> [Source data]

• • • • • • •

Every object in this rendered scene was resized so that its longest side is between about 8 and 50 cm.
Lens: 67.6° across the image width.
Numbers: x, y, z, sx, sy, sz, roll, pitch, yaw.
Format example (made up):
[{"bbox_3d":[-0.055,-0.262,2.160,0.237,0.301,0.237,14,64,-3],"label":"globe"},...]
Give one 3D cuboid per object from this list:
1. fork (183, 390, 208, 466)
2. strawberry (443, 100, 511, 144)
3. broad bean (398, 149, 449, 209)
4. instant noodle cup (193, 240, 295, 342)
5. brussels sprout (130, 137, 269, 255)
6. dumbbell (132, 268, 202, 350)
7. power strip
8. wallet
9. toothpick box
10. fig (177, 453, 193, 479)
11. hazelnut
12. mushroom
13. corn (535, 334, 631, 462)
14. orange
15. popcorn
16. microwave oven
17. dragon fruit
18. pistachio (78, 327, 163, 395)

• • • • • • •

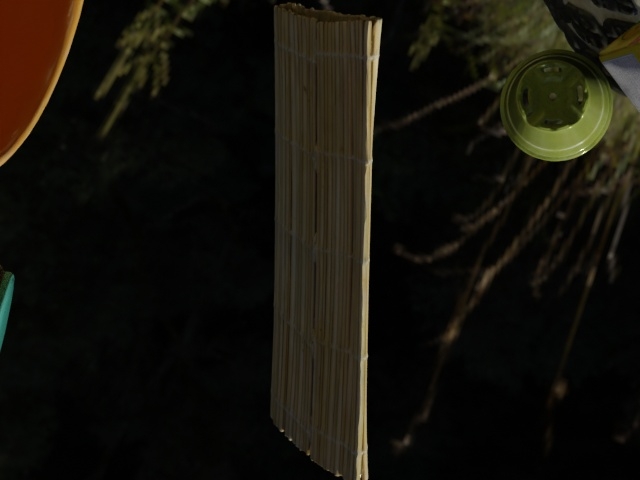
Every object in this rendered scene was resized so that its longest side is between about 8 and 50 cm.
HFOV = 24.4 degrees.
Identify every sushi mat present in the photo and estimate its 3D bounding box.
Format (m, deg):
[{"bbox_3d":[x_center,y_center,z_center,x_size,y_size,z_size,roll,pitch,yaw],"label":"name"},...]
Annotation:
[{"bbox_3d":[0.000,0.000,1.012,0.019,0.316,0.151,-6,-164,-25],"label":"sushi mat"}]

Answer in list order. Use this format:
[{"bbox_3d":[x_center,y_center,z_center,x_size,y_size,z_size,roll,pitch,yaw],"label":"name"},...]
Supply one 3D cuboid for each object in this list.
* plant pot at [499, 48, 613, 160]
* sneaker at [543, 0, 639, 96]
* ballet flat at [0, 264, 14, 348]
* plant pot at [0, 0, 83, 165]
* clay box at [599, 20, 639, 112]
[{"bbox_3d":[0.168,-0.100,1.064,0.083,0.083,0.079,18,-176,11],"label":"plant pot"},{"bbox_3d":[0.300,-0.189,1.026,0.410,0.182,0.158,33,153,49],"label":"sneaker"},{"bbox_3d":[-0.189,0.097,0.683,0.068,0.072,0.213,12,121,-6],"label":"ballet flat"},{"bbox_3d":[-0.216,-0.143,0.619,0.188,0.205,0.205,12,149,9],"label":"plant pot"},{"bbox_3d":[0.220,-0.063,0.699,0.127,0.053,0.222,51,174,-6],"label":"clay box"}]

• • • • • • •

> [Exercise instructions] Report back each line of the entries that holds the string "list".

> [Output of the exercise]
Give one 3D cuboid per object from this list:
Answer in list order. Use this format:
Supply one 3D cuboid for each object in this list.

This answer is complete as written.